Salma (far right) presents to her preschool class (2018). Photo provided by World Concern.
Salma is a preschool teacher in rural Bangladesh. She’s a high-school graduate and plans to continue her education in college. In a country where an estimated 45 percent of girls drop out of secondary school, Salma is a big deal.
But just four years ago, at 14 years of age, Salma was among millions of girls who live in absolute fear of being forced into marriage, likely to an older man. As a girl from a poor family in Bangladesh, which has the fourth highest rate of child marriage in the world, according to UNICEF, and the second highest number of child brides – nearly 4.5 million in 2017 – Salma was staring down the barrel of child marriage.
That is, until she received a scholarship from World Concern to stay in school. The UN Population Fund says that girls who have a secondary education are up to six times less likely to be married off before their 18th birthday.

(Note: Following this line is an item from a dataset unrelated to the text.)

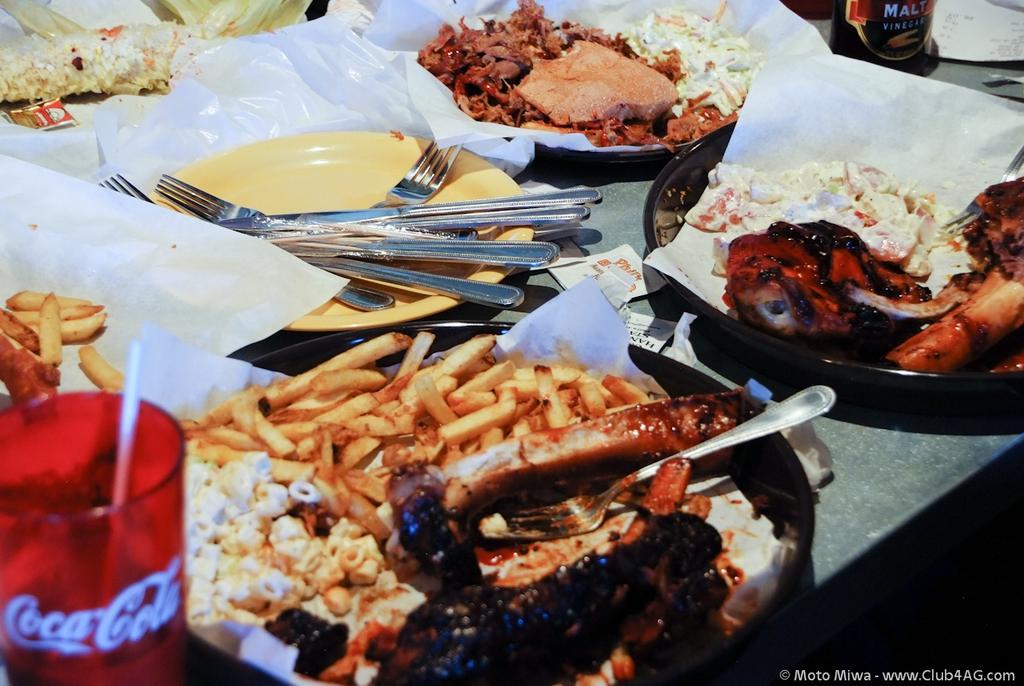Can you describe this image briefly? In this image we can see the food items placed on the plates. We can also see the foil, bottle, spoons and forks and on the left there is a coco cola glass with a straw and these items are placed on the table. In the bottom right corner there is text.

That’s why World Concern believes the solution is to keep girls in school, especially when their families can’t afford it.
The scholarship is just one component of World Concern’s holistic approach to what they call “transformational development” in the world’s poorest and hardest-to-reach places. Over its 65-year history, World Concern has refined the ways it addresses not just physical and economic needs, but emotional and spiritual, as well – taking into account the whole person.

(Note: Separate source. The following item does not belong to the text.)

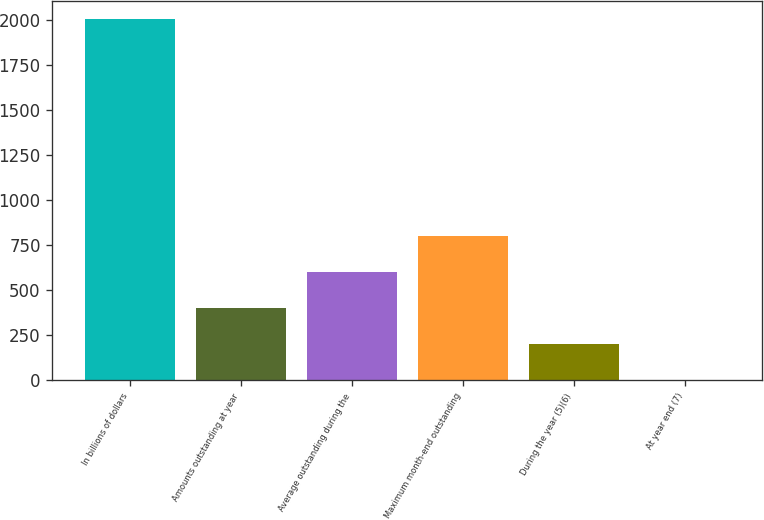Convert chart to OTSL. <chart><loc_0><loc_0><loc_500><loc_500><bar_chart><fcel>In billions of dollars<fcel>Amounts outstanding at year<fcel>Average outstanding during the<fcel>Maximum month-end outstanding<fcel>During the year (5)(6)<fcel>At year end (7)<nl><fcel>2009<fcel>402.08<fcel>602.95<fcel>803.82<fcel>201.21<fcel>0.34<nl></chart>

“We believe that every human being is created in the image of God,” says Cathy Herholdt, World Concern’s senior communications director. “Every human being deserves to have their basic needs met and have an abundant life. That faith is what drives us; it’s why we do what we do.”
That belief also guides their transformational development approach, in which communities take charge of their own development. Instead of a top-down approach, World Concern works alongside communities to identify their greatest needs, their greatest assets and how they want to improve. It’s also why 95 percent of World Concern’s staff are nationals from the 15 countries in which they work across South and Southeast Asia, East Africa, Haiti, and the Middle East.
Herholdt says that over the 30 years that World Concern has worked in Bangladesh, they’ve seen how child marriage is a “scourge” that’s keeps people trapped in a cycle of poverty and causes extreme physical and emotional harm to young girls.
“Literally, they’re terrified,” Herholdt says about the girls she has interviewed.
Often the girls’ mothers were themselves married as children, and they talk about how it took all their choice and freedom away. They don’t want that life for their daughters, but in a male-dominated society, where spending even $50 to $100 a year to send a child to school is too costly for a family earning a dollar a day, parents often feel like they have no choice.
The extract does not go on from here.